* **Task to carry out**
Your task is to repeat exactly the lines below between the line holding "- cardboard box at [423, 39, 438, 59]" and the line holding "- cardboard box at [1424, 11, 1444, 51]", inclusive, and only those.

* **Data shown**

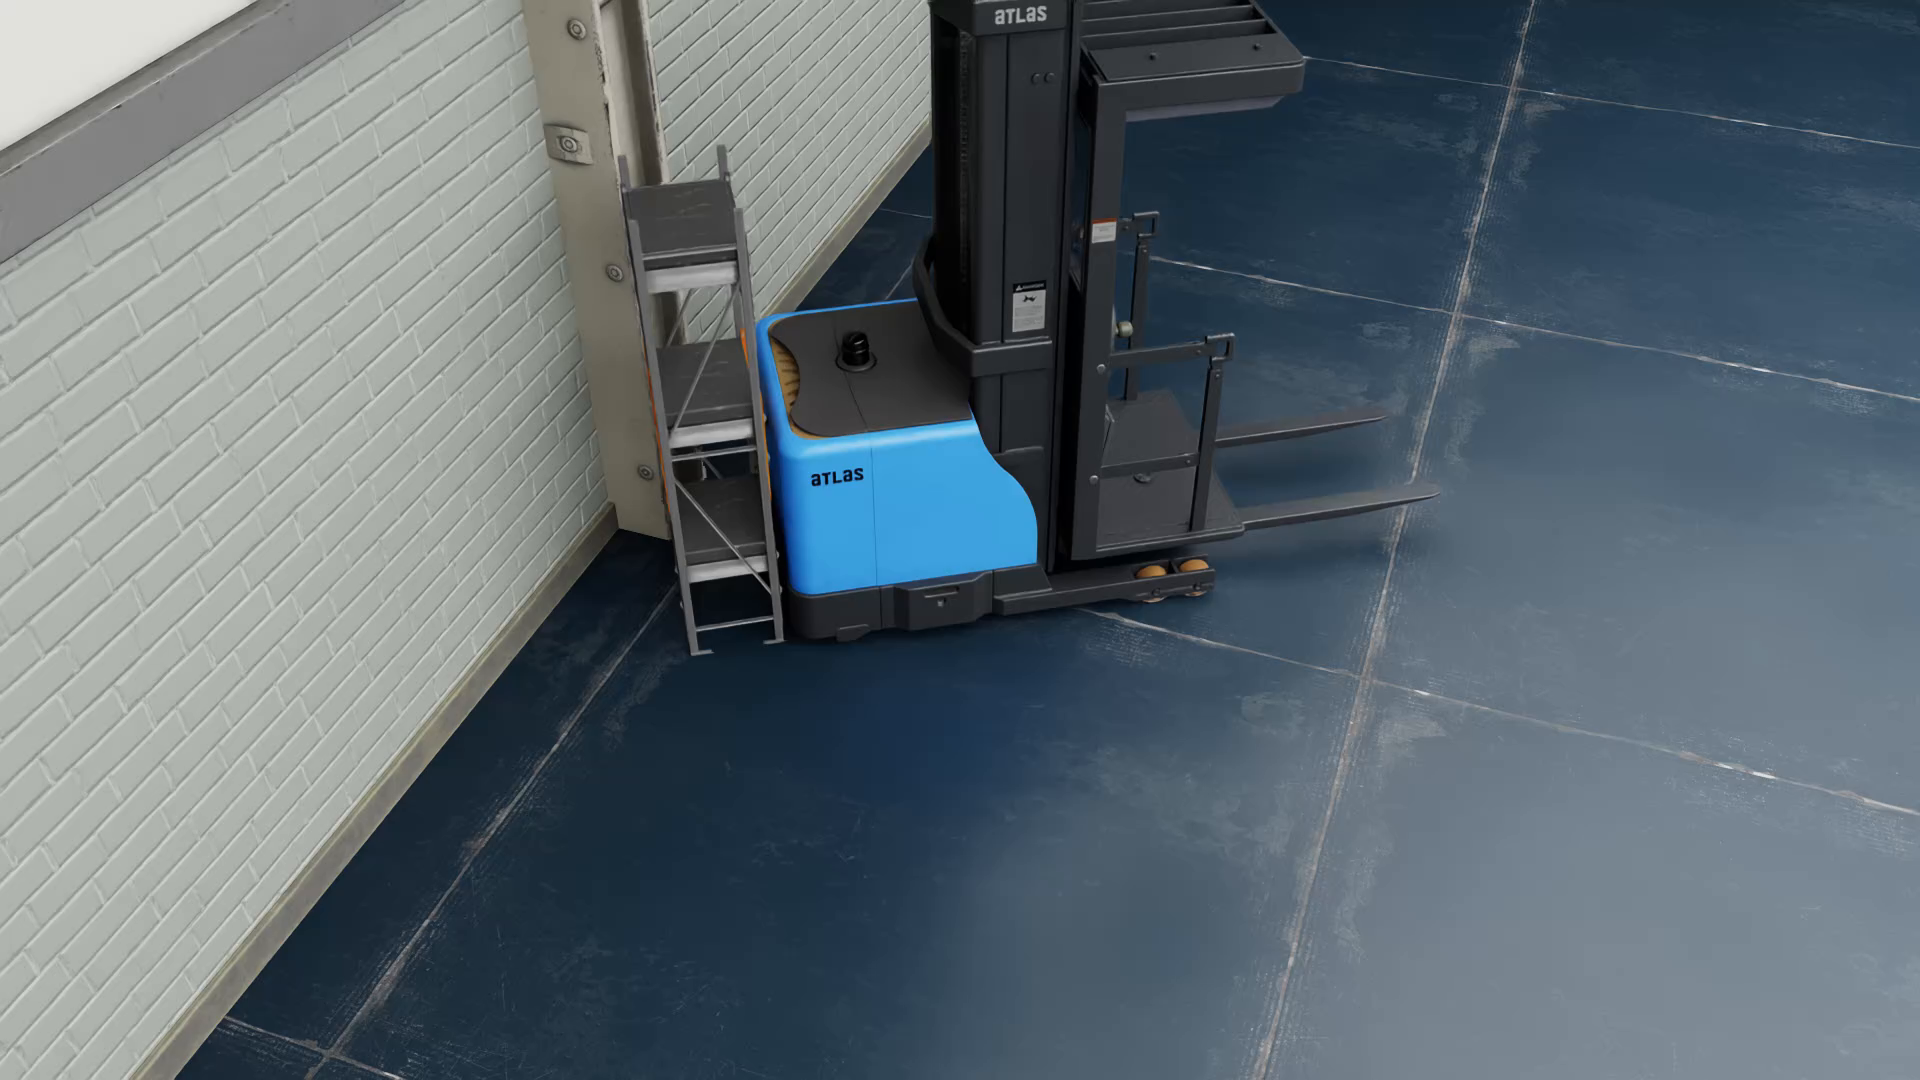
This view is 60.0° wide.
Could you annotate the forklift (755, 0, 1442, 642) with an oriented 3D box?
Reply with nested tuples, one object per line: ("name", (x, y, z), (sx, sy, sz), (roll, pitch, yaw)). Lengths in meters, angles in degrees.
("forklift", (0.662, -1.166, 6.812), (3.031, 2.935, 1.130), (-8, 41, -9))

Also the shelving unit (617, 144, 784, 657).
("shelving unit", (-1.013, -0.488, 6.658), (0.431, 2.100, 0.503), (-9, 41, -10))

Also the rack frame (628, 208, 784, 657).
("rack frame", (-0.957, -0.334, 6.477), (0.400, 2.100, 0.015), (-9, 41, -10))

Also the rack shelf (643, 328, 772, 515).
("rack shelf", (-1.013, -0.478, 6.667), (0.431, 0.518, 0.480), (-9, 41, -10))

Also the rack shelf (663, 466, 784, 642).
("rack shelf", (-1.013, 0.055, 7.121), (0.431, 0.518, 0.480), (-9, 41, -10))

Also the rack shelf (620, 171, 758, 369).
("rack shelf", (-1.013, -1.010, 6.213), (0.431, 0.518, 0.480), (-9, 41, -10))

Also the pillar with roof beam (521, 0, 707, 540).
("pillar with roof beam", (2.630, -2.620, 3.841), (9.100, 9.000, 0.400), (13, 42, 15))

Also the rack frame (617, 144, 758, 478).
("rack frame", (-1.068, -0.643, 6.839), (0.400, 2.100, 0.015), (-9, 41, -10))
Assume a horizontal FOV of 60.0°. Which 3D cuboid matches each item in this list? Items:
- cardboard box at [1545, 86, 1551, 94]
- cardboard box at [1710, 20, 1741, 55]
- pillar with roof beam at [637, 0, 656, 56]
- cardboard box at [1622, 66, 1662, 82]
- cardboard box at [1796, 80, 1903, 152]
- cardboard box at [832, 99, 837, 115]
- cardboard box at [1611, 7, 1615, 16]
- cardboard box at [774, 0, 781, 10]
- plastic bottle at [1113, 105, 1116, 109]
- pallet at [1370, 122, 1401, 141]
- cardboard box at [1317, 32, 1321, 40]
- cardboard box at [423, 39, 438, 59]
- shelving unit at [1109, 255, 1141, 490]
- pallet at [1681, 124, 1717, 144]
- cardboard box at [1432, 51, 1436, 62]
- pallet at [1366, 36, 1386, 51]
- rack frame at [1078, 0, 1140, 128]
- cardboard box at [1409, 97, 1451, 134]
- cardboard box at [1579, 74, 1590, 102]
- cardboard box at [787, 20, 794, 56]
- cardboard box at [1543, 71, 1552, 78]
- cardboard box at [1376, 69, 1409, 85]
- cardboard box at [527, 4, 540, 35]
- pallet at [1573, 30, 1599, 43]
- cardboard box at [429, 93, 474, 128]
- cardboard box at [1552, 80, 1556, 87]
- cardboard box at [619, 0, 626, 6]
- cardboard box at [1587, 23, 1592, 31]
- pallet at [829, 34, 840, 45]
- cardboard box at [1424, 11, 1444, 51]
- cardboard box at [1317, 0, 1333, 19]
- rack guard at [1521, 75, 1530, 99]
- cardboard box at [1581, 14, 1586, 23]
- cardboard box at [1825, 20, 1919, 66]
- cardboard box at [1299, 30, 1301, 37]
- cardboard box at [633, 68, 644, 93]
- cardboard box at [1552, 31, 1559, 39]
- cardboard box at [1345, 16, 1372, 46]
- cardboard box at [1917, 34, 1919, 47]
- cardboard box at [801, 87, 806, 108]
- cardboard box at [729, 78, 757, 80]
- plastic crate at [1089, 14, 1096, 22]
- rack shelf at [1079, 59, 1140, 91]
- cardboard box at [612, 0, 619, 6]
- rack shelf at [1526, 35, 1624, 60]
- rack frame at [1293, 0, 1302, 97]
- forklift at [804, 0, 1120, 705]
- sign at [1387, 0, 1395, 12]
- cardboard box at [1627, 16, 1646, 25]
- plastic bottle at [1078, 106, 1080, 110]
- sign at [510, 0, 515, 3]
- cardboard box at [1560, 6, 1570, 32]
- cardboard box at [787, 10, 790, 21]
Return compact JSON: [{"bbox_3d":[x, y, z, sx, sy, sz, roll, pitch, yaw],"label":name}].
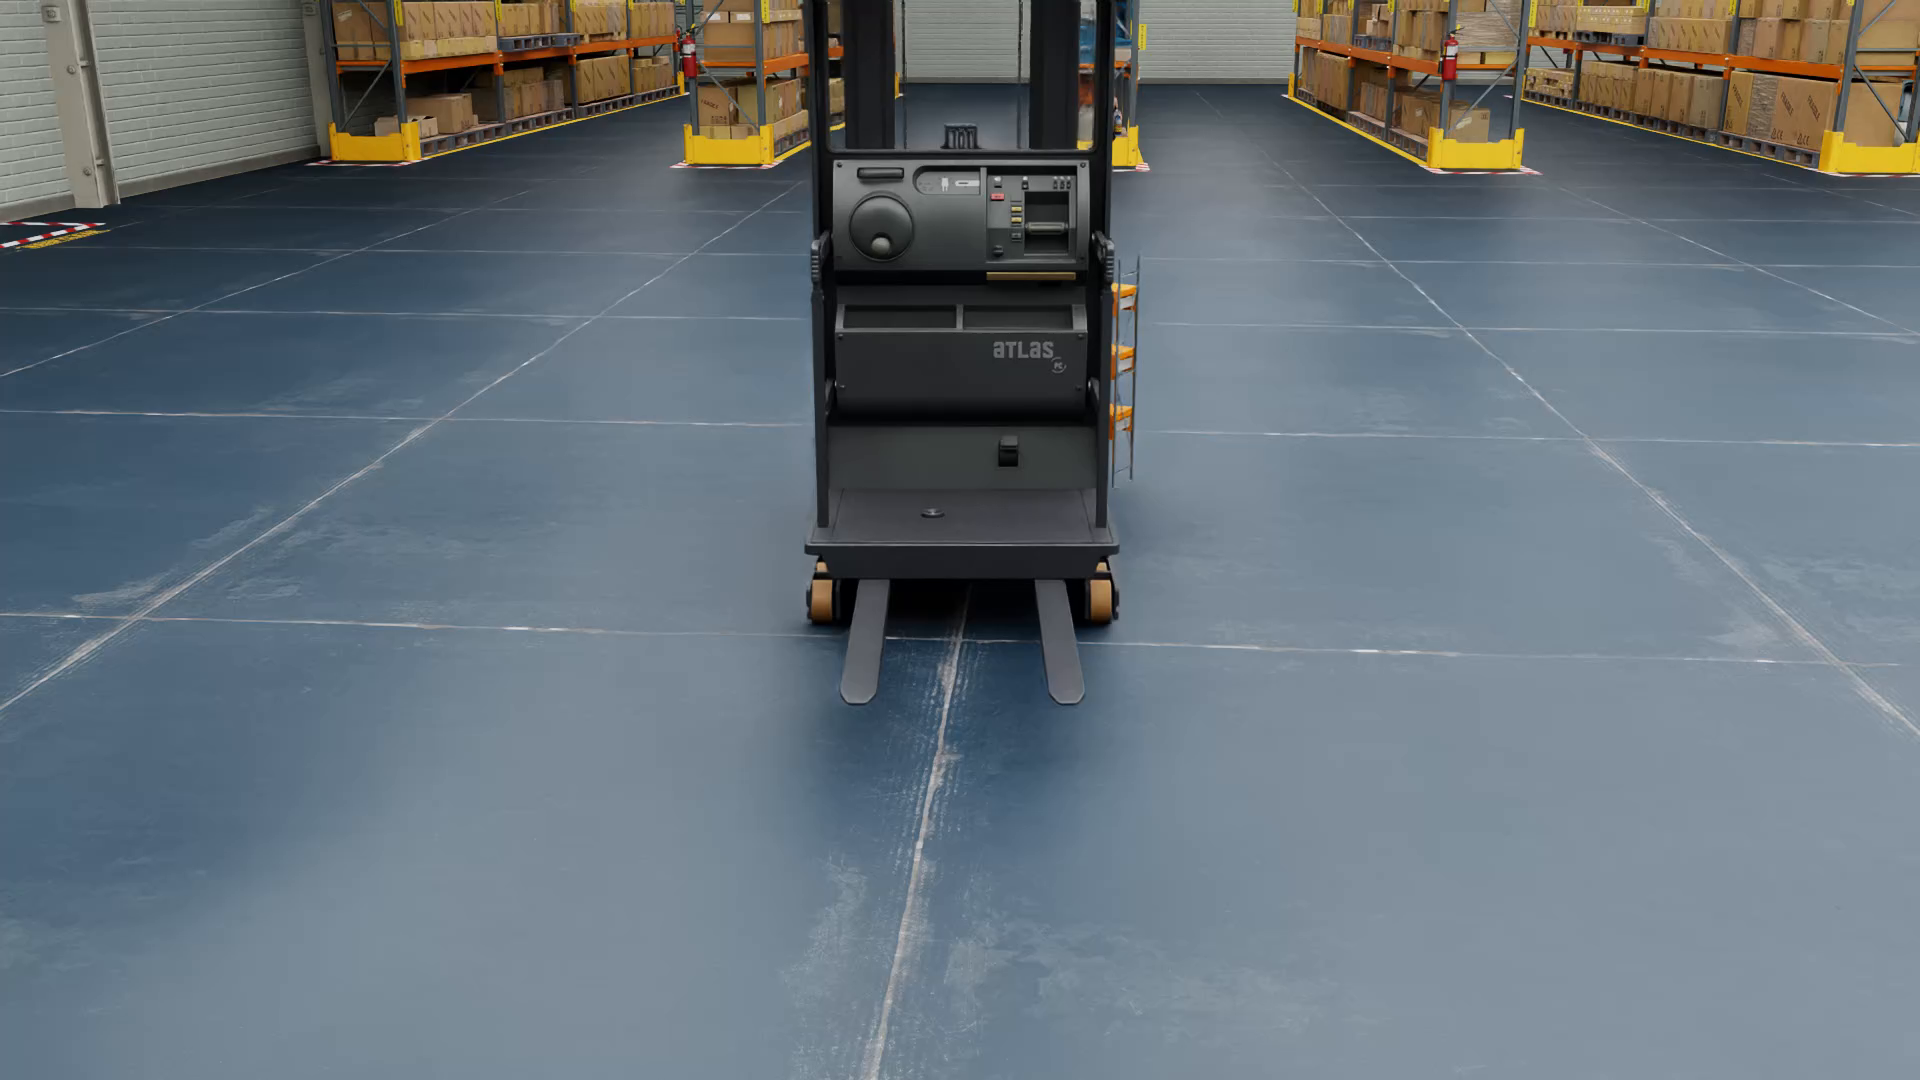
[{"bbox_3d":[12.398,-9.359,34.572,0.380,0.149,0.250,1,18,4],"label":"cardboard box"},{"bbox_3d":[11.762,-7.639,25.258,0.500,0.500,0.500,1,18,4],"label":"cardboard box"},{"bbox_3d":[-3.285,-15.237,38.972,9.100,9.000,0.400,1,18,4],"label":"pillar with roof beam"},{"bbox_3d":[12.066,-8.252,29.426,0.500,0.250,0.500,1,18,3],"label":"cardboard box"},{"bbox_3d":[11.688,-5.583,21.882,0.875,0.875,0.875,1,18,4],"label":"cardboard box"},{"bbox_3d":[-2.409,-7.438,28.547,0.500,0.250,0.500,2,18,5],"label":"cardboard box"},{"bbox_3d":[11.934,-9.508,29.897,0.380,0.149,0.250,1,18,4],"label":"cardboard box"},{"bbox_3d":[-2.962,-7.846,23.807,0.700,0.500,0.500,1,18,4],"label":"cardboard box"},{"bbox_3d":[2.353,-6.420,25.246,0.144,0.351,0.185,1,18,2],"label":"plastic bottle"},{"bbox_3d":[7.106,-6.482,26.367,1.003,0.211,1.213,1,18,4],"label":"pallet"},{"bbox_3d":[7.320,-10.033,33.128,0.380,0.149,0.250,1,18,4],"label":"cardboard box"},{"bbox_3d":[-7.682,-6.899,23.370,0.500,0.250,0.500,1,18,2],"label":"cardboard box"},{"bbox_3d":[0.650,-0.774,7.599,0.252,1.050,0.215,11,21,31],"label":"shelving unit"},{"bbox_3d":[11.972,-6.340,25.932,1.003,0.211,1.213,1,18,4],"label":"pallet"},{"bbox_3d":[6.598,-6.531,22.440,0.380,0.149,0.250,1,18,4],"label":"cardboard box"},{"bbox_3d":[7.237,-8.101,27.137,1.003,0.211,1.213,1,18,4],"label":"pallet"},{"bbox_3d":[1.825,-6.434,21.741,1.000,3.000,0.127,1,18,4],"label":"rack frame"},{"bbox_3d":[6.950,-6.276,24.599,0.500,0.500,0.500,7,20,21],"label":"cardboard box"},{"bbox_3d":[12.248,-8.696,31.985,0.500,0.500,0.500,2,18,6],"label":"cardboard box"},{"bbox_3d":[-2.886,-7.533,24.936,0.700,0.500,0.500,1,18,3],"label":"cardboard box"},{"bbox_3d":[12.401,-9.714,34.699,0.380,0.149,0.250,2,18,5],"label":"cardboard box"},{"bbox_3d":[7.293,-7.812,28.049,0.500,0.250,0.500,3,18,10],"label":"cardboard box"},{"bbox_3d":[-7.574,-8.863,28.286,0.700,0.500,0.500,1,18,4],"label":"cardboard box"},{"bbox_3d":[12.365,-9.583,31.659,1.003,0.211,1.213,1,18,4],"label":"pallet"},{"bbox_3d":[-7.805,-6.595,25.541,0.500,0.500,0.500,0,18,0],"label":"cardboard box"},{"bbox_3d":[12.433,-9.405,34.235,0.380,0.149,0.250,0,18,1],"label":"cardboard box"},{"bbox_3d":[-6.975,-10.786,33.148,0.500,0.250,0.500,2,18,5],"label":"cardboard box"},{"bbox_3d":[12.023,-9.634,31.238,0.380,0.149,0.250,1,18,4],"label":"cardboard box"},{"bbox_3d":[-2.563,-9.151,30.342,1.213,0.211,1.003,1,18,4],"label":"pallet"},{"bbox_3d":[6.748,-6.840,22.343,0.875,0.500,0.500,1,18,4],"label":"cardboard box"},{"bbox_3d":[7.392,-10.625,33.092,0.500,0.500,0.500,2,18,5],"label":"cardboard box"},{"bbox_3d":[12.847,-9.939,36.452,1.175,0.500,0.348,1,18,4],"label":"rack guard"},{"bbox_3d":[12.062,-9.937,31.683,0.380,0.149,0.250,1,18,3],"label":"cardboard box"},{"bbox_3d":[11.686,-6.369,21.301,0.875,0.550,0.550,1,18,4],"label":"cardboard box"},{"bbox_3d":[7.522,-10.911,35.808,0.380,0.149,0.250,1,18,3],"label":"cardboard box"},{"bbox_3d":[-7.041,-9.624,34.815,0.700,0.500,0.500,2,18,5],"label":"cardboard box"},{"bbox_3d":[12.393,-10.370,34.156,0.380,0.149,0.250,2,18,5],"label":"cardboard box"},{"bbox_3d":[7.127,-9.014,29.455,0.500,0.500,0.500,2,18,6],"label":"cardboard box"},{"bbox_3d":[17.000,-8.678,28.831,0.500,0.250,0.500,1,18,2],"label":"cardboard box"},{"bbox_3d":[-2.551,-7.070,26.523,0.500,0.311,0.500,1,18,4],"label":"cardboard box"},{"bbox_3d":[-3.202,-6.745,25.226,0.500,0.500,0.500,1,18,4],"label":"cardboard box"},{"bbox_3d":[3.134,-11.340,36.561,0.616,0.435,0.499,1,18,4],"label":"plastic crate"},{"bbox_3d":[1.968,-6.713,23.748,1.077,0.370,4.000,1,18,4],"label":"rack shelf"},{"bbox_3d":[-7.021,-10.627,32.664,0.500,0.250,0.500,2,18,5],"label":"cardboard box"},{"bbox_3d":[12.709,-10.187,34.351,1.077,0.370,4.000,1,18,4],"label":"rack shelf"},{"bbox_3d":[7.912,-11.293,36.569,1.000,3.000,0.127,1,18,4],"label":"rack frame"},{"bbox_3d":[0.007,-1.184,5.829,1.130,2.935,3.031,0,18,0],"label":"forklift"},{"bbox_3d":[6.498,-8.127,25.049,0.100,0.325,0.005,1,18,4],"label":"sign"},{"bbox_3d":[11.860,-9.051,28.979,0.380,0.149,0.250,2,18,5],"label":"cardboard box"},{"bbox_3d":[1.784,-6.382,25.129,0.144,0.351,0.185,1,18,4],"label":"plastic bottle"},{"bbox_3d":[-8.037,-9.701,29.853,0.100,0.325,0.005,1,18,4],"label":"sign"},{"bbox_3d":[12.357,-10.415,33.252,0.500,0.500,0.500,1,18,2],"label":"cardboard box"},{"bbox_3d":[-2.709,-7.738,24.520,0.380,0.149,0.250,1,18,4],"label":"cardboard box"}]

* **Finished task**
- cardboard box at [423, 39, 438, 59]
- shelving unit at [1109, 255, 1141, 490]
- pallet at [1681, 124, 1717, 144]
- cardboard box at [1432, 51, 1436, 62]
- pallet at [1366, 36, 1386, 51]
- rack frame at [1078, 0, 1140, 128]
- cardboard box at [1409, 97, 1451, 134]
- cardboard box at [1579, 74, 1590, 102]
- cardboard box at [787, 20, 794, 56]
- cardboard box at [1543, 71, 1552, 78]
- cardboard box at [1376, 69, 1409, 85]
- cardboard box at [527, 4, 540, 35]
- pallet at [1573, 30, 1599, 43]
- cardboard box at [429, 93, 474, 128]
- cardboard box at [1552, 80, 1556, 87]
- cardboard box at [619, 0, 626, 6]
- cardboard box at [1587, 23, 1592, 31]
- pallet at [829, 34, 840, 45]
- cardboard box at [1424, 11, 1444, 51]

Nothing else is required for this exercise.